*Exercise requirements*
Without any images, output the records below verbatim.

Stored items:
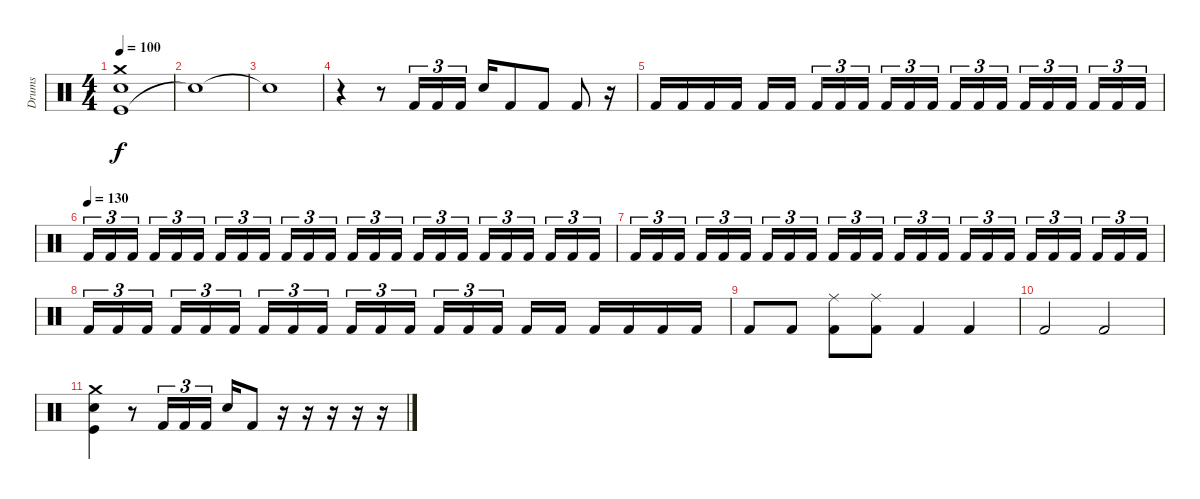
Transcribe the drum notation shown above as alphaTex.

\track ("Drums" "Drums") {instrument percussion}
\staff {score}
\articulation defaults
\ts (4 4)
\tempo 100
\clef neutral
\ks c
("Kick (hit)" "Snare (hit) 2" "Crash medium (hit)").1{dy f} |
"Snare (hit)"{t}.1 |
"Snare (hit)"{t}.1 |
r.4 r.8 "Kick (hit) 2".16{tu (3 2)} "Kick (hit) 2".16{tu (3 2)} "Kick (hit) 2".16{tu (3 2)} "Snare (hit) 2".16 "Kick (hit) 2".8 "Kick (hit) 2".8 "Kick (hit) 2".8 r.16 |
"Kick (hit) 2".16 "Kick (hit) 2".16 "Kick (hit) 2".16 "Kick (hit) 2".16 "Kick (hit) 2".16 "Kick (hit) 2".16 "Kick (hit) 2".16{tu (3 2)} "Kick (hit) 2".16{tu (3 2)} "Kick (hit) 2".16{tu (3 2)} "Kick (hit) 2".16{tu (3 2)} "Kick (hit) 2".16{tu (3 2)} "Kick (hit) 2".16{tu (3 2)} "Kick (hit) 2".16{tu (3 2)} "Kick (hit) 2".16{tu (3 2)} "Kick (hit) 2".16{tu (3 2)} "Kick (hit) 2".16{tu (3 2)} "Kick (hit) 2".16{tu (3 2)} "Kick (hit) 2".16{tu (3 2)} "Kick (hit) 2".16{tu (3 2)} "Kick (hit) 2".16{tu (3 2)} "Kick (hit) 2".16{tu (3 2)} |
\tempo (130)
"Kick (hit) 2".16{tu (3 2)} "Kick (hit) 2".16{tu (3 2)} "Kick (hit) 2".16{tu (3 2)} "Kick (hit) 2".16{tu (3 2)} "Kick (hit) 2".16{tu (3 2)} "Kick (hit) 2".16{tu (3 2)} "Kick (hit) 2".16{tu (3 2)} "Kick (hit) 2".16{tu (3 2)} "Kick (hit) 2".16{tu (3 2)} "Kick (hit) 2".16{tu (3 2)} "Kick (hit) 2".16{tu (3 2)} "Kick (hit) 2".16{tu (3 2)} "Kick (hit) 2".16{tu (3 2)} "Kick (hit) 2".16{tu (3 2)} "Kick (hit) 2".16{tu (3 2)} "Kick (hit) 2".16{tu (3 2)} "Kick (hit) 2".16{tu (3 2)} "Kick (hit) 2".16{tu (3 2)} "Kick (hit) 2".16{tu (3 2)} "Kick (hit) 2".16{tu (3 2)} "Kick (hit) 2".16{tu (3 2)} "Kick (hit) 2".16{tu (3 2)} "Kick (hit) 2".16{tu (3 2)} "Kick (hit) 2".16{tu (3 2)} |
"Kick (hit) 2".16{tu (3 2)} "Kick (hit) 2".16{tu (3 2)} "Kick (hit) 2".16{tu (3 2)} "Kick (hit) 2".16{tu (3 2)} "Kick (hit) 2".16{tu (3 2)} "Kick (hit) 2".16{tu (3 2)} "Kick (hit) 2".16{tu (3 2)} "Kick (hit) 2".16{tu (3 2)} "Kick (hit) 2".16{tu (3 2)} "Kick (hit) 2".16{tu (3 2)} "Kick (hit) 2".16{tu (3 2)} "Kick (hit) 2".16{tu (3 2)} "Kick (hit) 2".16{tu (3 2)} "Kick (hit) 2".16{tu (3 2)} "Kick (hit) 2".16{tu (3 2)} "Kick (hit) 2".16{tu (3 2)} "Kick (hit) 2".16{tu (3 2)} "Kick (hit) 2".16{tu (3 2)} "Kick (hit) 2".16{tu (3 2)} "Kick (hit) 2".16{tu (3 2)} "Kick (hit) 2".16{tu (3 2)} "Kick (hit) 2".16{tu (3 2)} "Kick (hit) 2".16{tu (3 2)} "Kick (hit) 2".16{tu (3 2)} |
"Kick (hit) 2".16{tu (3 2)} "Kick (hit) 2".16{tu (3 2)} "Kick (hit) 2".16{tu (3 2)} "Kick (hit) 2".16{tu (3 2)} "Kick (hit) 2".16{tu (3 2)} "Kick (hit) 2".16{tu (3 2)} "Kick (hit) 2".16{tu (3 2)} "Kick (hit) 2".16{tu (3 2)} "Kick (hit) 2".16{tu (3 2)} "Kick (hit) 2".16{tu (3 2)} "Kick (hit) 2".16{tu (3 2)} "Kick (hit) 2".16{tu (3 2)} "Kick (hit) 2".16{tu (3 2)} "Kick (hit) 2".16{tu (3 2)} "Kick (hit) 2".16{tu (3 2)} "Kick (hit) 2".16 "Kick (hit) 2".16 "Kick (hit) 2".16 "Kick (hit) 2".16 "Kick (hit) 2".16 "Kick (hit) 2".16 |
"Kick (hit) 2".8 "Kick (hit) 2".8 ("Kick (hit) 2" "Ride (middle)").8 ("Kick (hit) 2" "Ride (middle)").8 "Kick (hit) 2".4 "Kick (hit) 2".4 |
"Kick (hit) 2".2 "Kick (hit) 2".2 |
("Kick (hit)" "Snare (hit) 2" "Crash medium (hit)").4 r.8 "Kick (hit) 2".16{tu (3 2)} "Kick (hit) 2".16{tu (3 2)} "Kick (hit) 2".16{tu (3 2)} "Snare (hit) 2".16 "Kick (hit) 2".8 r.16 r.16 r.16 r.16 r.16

*Exercise result*
Transcribe the drum notation shown above as alphaTex.

\track ("Drums" "Drums") {instrument percussion}
\staff {score}
\articulation defaults
\ts (4 4)
\tempo 100
\clef neutral
\ks c
("Kick (hit)" "Snare (hit) 2" "Crash medium (hit)").1{dy f} |
"Snare (hit)"{t}.1 |
"Snare (hit)"{t}.1 |
r.4 r.8 "Kick (hit) 2".16{tu (3 2)} "Kick (hit) 2".16{tu (3 2)} "Kick (hit) 2".16{tu (3 2)} "Snare (hit) 2".16 "Kick (hit) 2".8 "Kick (hit) 2".8 "Kick (hit) 2".8 r.16 |
"Kick (hit) 2".16 "Kick (hit) 2".16 "Kick (hit) 2".16 "Kick (hit) 2".16 "Kick (hit) 2".16 "Kick (hit) 2".16 "Kick (hit) 2".16{tu (3 2)} "Kick (hit) 2".16{tu (3 2)} "Kick (hit) 2".16{tu (3 2)} "Kick (hit) 2".16{tu (3 2)} "Kick (hit) 2".16{tu (3 2)} "Kick (hit) 2".16{tu (3 2)} "Kick (hit) 2".16{tu (3 2)} "Kick (hit) 2".16{tu (3 2)} "Kick (hit) 2".16{tu (3 2)} "Kick (hit) 2".16{tu (3 2)} "Kick (hit) 2".16{tu (3 2)} "Kick (hit) 2".16{tu (3 2)} "Kick (hit) 2".16{tu (3 2)} "Kick (hit) 2".16{tu (3 2)} "Kick (hit) 2".16{tu (3 2)} |
\tempo (130)
"Kick (hit) 2".16{tu (3 2)} "Kick (hit) 2".16{tu (3 2)} "Kick (hit) 2".16{tu (3 2)} "Kick (hit) 2".16{tu (3 2)} "Kick (hit) 2".16{tu (3 2)} "Kick (hit) 2".16{tu (3 2)} "Kick (hit) 2".16{tu (3 2)} "Kick (hit) 2".16{tu (3 2)} "Kick (hit) 2".16{tu (3 2)} "Kick (hit) 2".16{tu (3 2)} "Kick (hit) 2".16{tu (3 2)} "Kick (hit) 2".16{tu (3 2)} "Kick (hit) 2".16{tu (3 2)} "Kick (hit) 2".16{tu (3 2)} "Kick (hit) 2".16{tu (3 2)} "Kick (hit) 2".16{tu (3 2)} "Kick (hit) 2".16{tu (3 2)} "Kick (hit) 2".16{tu (3 2)} "Kick (hit) 2".16{tu (3 2)} "Kick (hit) 2".16{tu (3 2)} "Kick (hit) 2".16{tu (3 2)} "Kick (hit) 2".16{tu (3 2)} "Kick (hit) 2".16{tu (3 2)} "Kick (hit) 2".16{tu (3 2)} |
"Kick (hit) 2".16{tu (3 2)} "Kick (hit) 2".16{tu (3 2)} "Kick (hit) 2".16{tu (3 2)} "Kick (hit) 2".16{tu (3 2)} "Kick (hit) 2".16{tu (3 2)} "Kick (hit) 2".16{tu (3 2)} "Kick (hit) 2".16{tu (3 2)} "Kick (hit) 2".16{tu (3 2)} "Kick (hit) 2".16{tu (3 2)} "Kick (hit) 2".16{tu (3 2)} "Kick (hit) 2".16{tu (3 2)} "Kick (hit) 2".16{tu (3 2)} "Kick (hit) 2".16{tu (3 2)} "Kick (hit) 2".16{tu (3 2)} "Kick (hit) 2".16{tu (3 2)} "Kick (hit) 2".16{tu (3 2)} "Kick (hit) 2".16{tu (3 2)} "Kick (hit) 2".16{tu (3 2)} "Kick (hit) 2".16{tu (3 2)} "Kick (hit) 2".16{tu (3 2)} "Kick (hit) 2".16{tu (3 2)} "Kick (hit) 2".16{tu (3 2)} "Kick (hit) 2".16{tu (3 2)} "Kick (hit) 2".16{tu (3 2)} |
"Kick (hit) 2".16{tu (3 2)} "Kick (hit) 2".16{tu (3 2)} "Kick (hit) 2".16{tu (3 2)} "Kick (hit) 2".16{tu (3 2)} "Kick (hit) 2".16{tu (3 2)} "Kick (hit) 2".16{tu (3 2)} "Kick (hit) 2".16{tu (3 2)} "Kick (hit) 2".16{tu (3 2)} "Kick (hit) 2".16{tu (3 2)} "Kick (hit) 2".16{tu (3 2)} "Kick (hit) 2".16{tu (3 2)} "Kick (hit) 2".16{tu (3 2)} "Kick (hit) 2".16{tu (3 2)} "Kick (hit) 2".16{tu (3 2)} "Kick (hit) 2".16{tu (3 2)} "Kick (hit) 2".16 "Kick (hit) 2".16 "Kick (hit) 2".16 "Kick (hit) 2".16 "Kick (hit) 2".16 "Kick (hit) 2".16 |
"Kick (hit) 2".8 "Kick (hit) 2".8 ("Kick (hit) 2" "Ride (middle)").8 ("Kick (hit) 2" "Ride (middle)").8 "Kick (hit) 2".4 "Kick (hit) 2".4 |
"Kick (hit) 2".2 "Kick (hit) 2".2 |
("Kick (hit)" "Snare (hit) 2" "Crash medium (hit)").4 r.8 "Kick (hit) 2".16{tu (3 2)} "Kick (hit) 2".16{tu (3 2)} "Kick (hit) 2".16{tu (3 2)} "Snare (hit) 2".16 "Kick (hit) 2".8 r.16 r.16 r.16 r.16 r.16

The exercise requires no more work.